* [WHAT THE EXERCISE ASKS]: Find the line in the data below that contains "#38 rack frame [63,107,120,192]". Return that line and all the lines after it, unchanged.

----------------------------------------

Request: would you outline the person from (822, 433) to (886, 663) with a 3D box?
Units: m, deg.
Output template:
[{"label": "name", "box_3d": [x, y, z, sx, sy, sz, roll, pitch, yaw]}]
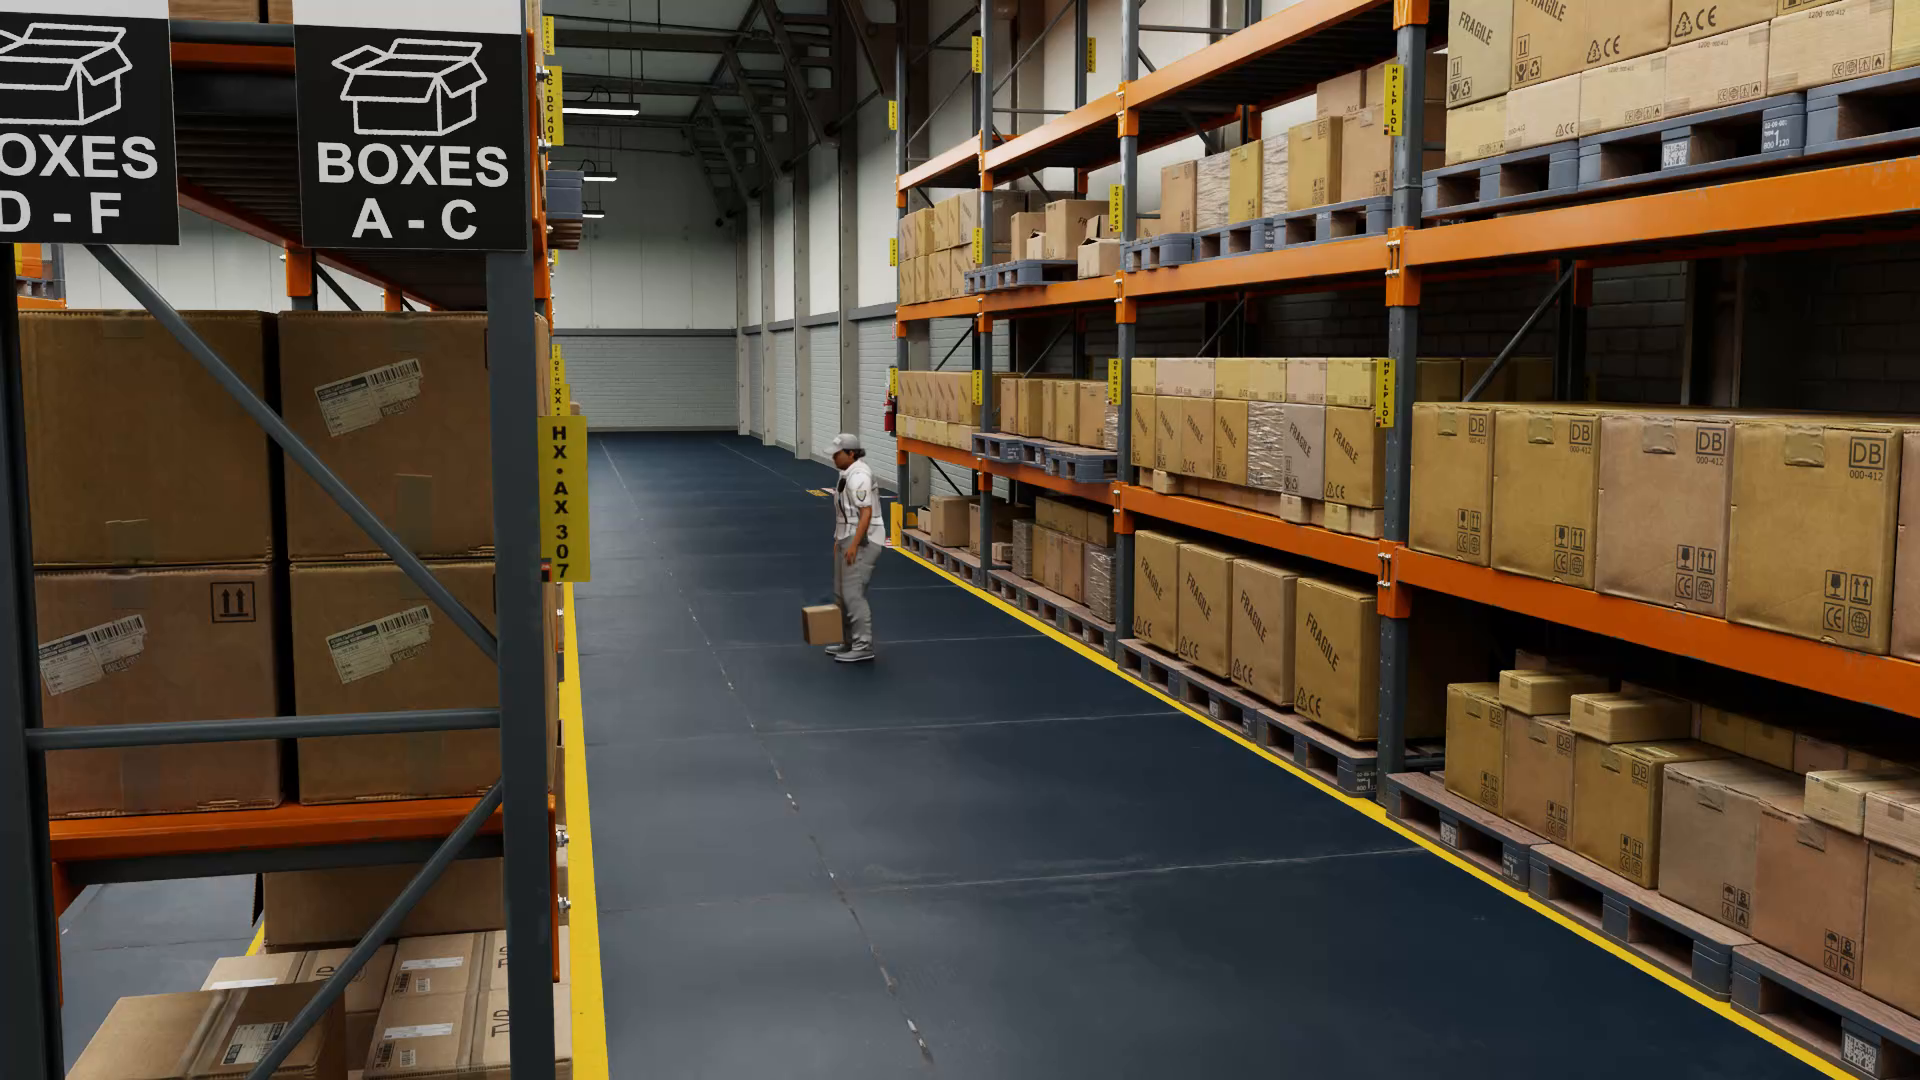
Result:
[{"label": "person", "box_3d": [-0.791, 0.044, 12.244, 0.454, 1.668, 0.533, -2, 6, -15]}]
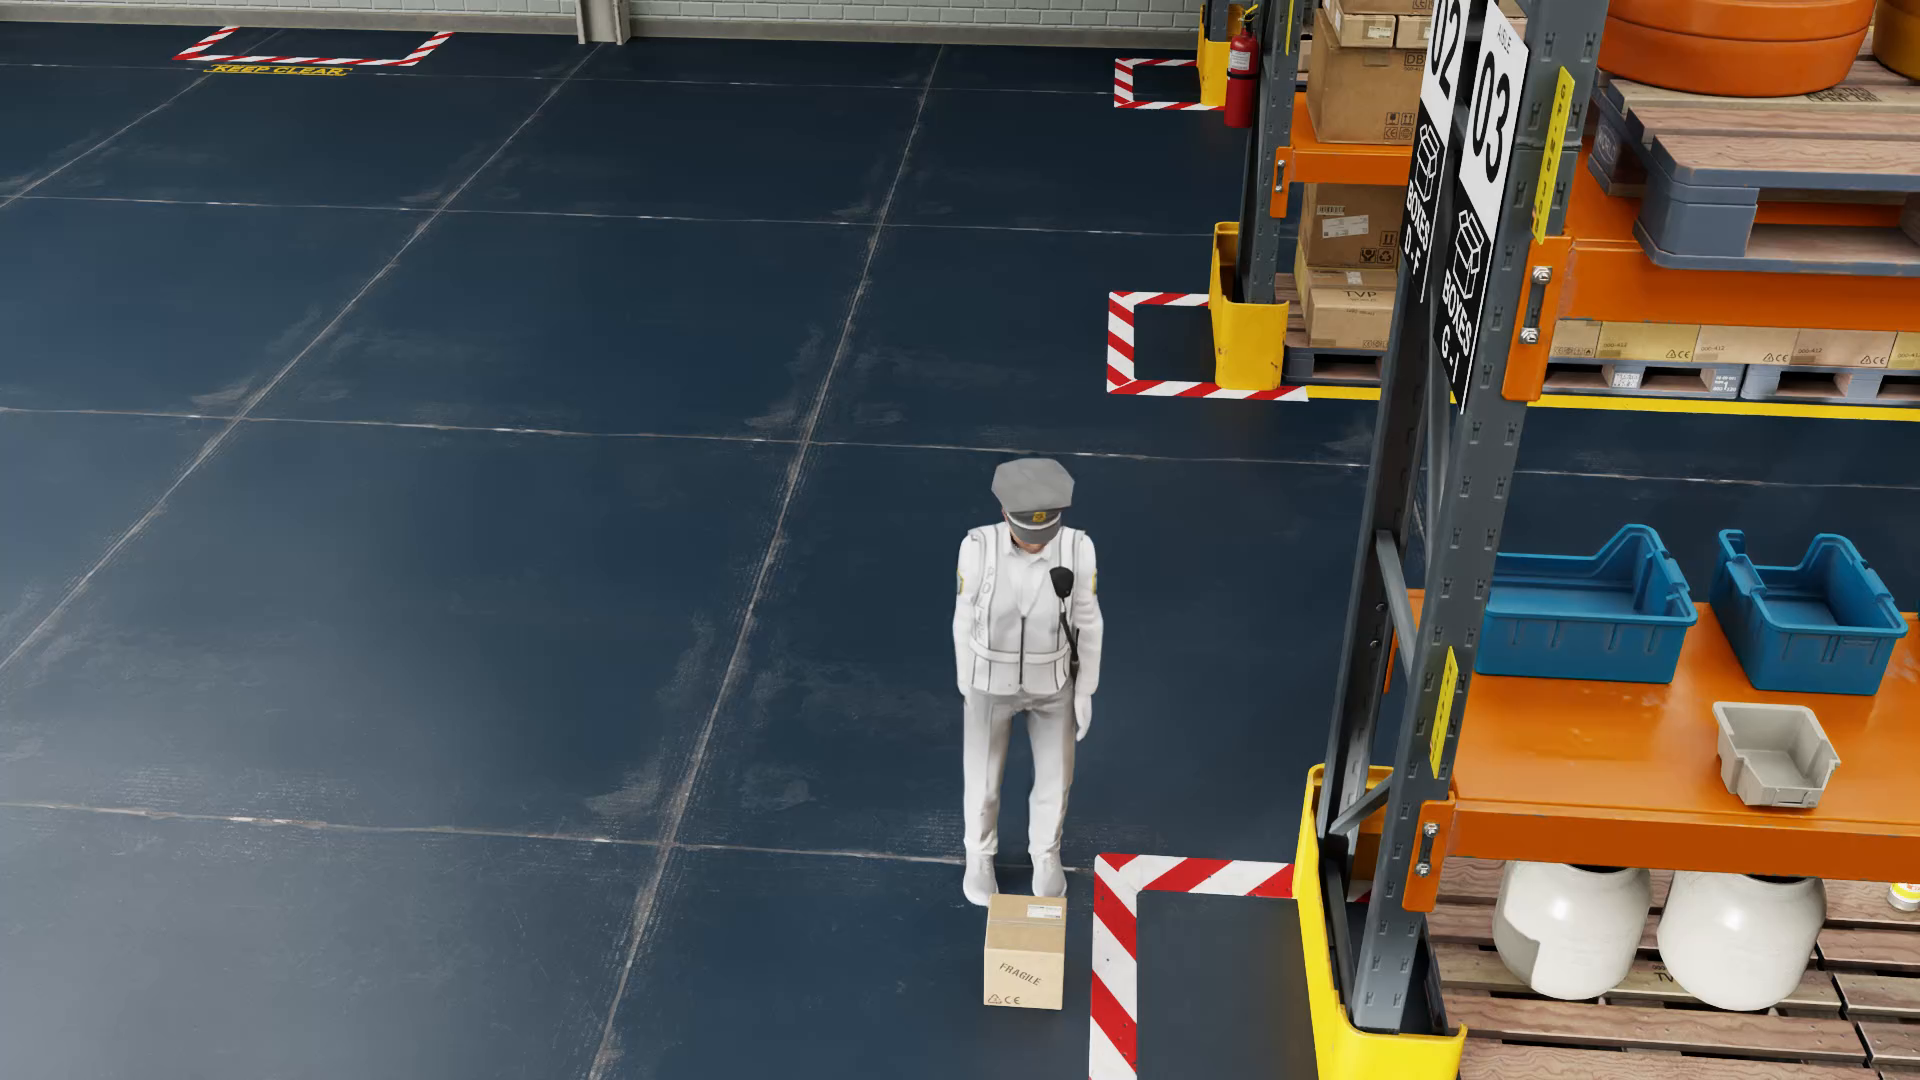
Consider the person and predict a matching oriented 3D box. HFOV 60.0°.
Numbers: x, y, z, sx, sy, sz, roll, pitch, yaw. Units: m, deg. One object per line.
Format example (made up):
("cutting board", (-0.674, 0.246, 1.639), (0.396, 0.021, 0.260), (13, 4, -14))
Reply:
("person", (0.216, 0.482, 5.385), (0.479, 1.657, 0.352), (0, 32, -1))
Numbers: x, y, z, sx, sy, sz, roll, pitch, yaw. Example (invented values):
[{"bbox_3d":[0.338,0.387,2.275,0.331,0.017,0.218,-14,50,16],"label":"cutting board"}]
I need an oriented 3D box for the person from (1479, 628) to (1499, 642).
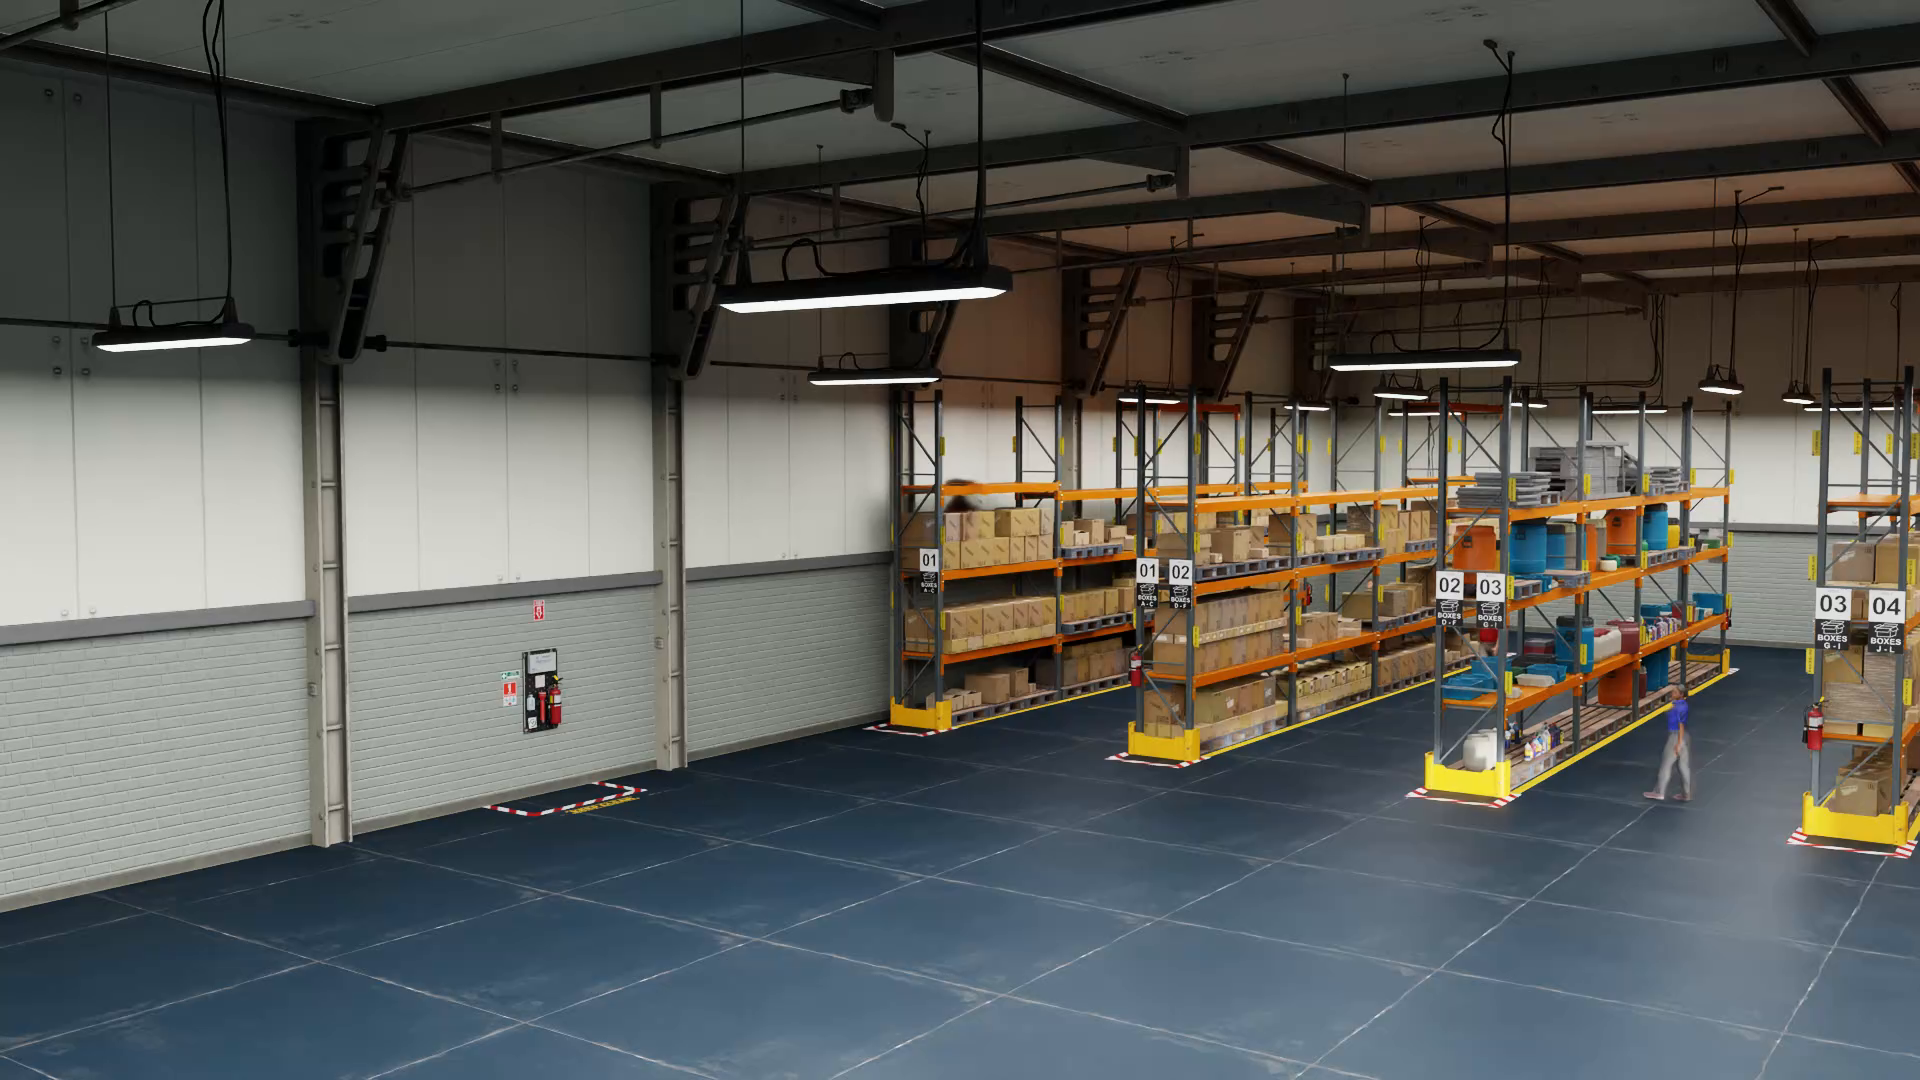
[{"bbox_3d":[20.423,2.507,30.172,21.135,1.597,3.262,2,4,30],"label":"person"}]

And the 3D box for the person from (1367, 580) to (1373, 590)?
[{"bbox_3d":[10.297,1.836,41.610,0.476,1.672,0.585,0,3,1],"label":"person"}]

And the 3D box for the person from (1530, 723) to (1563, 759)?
[{"bbox_3d":[15.927,1.601,30.331,17.348,3.354,24.638,-3,4,-38],"label":"person"}]

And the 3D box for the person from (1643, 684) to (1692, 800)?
[{"bbox_3d":[10.057,2.852,23.557,0.618,1.650,0.447,3,4,41],"label":"person"}]
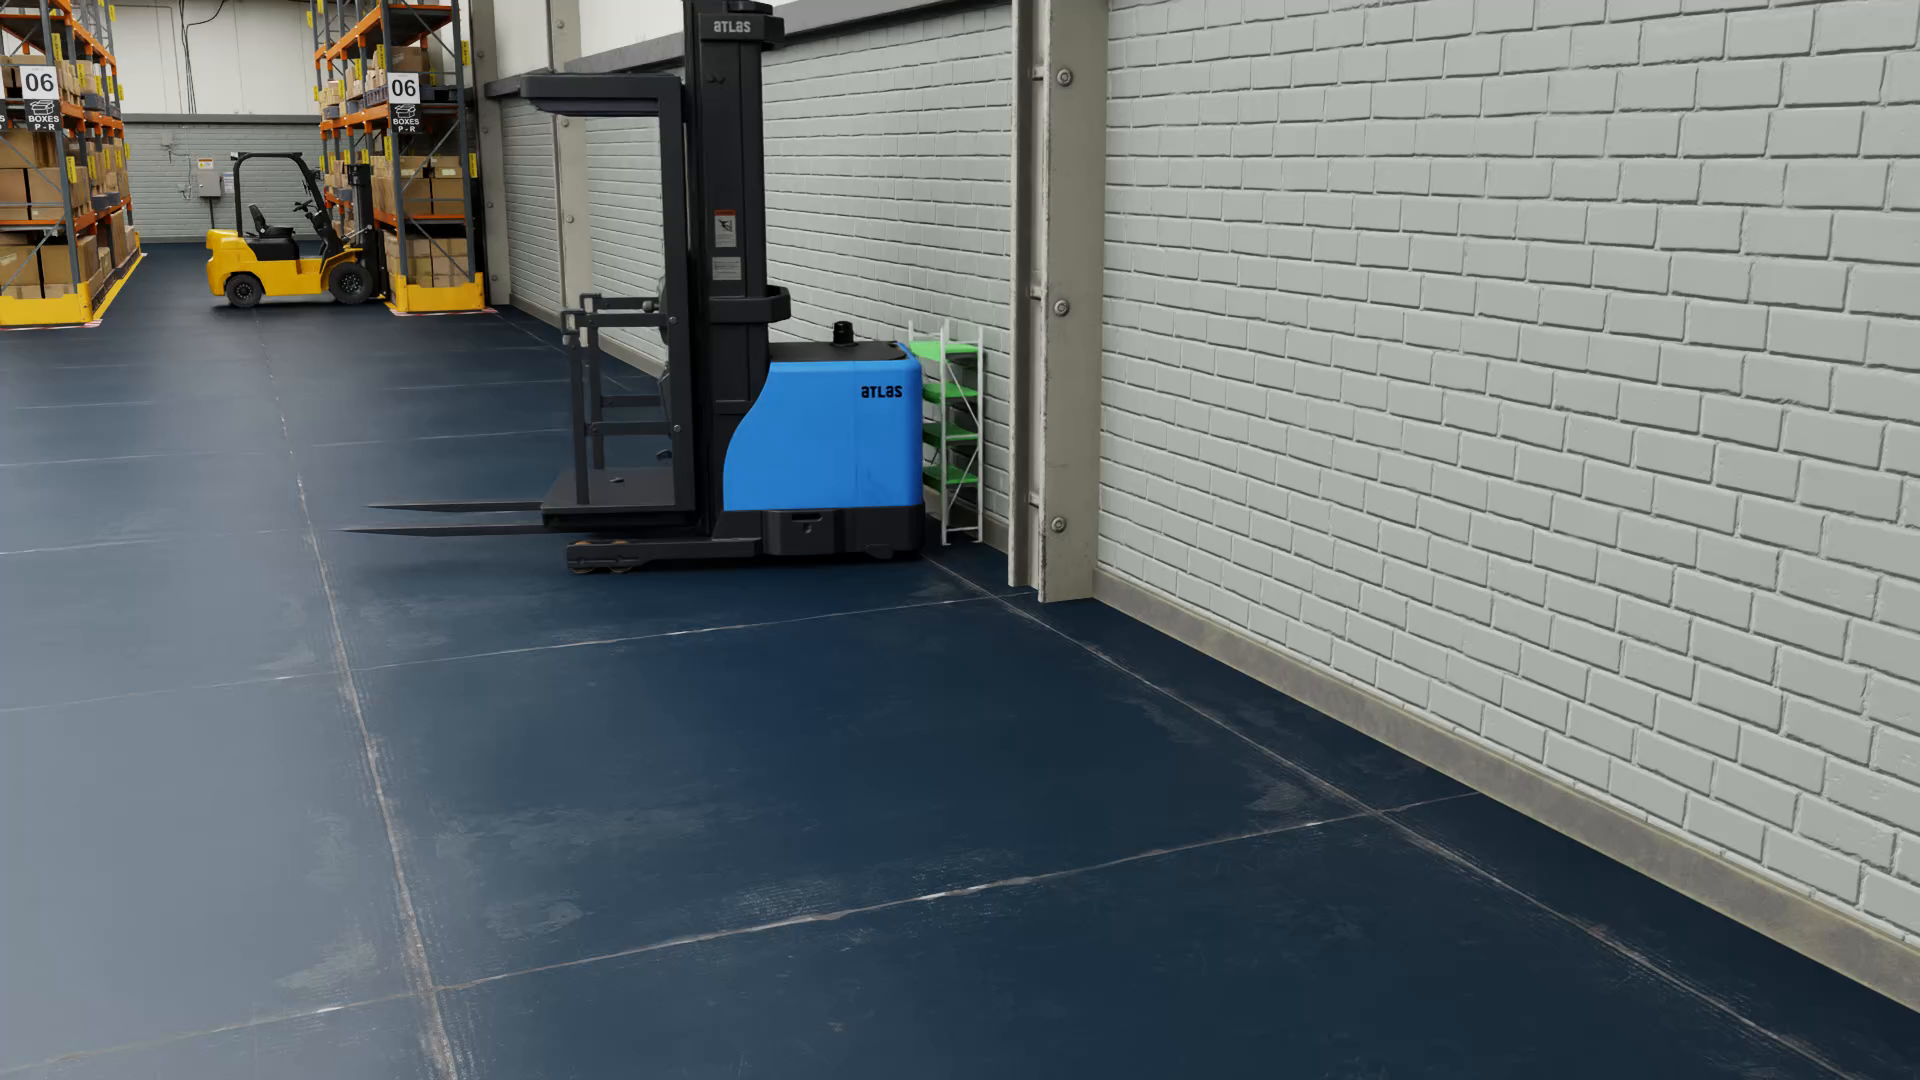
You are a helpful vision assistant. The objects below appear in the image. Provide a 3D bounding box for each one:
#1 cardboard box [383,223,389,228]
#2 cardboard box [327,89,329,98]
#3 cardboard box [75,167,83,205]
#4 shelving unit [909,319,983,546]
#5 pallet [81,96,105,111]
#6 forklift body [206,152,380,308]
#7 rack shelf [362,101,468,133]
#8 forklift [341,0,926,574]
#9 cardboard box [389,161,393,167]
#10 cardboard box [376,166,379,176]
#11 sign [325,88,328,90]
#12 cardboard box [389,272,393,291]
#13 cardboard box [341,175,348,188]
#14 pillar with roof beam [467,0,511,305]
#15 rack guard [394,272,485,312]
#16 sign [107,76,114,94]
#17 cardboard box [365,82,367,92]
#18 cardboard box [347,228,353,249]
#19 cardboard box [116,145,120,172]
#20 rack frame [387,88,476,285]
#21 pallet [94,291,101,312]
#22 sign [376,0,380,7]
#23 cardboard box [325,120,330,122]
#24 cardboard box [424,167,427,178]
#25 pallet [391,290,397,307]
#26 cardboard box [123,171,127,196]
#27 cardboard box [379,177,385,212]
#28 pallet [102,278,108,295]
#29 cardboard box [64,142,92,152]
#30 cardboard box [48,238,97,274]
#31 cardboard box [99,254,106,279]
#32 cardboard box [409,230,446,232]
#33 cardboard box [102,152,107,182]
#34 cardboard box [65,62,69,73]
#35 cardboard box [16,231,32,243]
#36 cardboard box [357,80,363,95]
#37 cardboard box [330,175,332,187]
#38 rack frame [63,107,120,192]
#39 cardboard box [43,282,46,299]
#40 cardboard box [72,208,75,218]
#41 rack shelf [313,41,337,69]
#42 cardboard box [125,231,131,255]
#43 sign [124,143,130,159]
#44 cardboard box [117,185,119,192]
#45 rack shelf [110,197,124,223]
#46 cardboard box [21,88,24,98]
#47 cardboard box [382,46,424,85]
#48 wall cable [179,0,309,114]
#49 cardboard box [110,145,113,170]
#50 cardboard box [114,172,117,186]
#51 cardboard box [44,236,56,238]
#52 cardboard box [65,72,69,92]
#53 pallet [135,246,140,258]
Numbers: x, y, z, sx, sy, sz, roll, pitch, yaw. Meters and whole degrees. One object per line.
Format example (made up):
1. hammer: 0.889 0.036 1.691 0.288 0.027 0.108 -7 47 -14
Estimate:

----------------------------------------

* [COMPLETED EXERCISE]:
#38 rack frame [63,107,120,192]
#39 cardboard box [43,282,46,299]
#40 cardboard box [72,208,75,218]
#41 rack shelf [313,41,337,69]
#42 cardboard box [125,231,131,255]
#43 sign [124,143,130,159]
#44 cardboard box [117,185,119,192]
#45 rack shelf [110,197,124,223]
#46 cardboard box [21,88,24,98]
#47 cardboard box [382,46,424,85]
#48 wall cable [179,0,309,114]
#49 cardboard box [110,145,113,170]
#50 cardboard box [114,172,117,186]
#51 cardboard box [44,236,56,238]
#52 cardboard box [65,72,69,92]
#53 pallet [135,246,140,258]
Numbers: x, y, z, sx, sy, sz, roll, pitch, yaw. Meters and whole degrees. One object per line.
Format example (made up):
1. hammer: 0.889 0.036 1.691 0.288 0.027 0.108 -7 47 -14
Estimate:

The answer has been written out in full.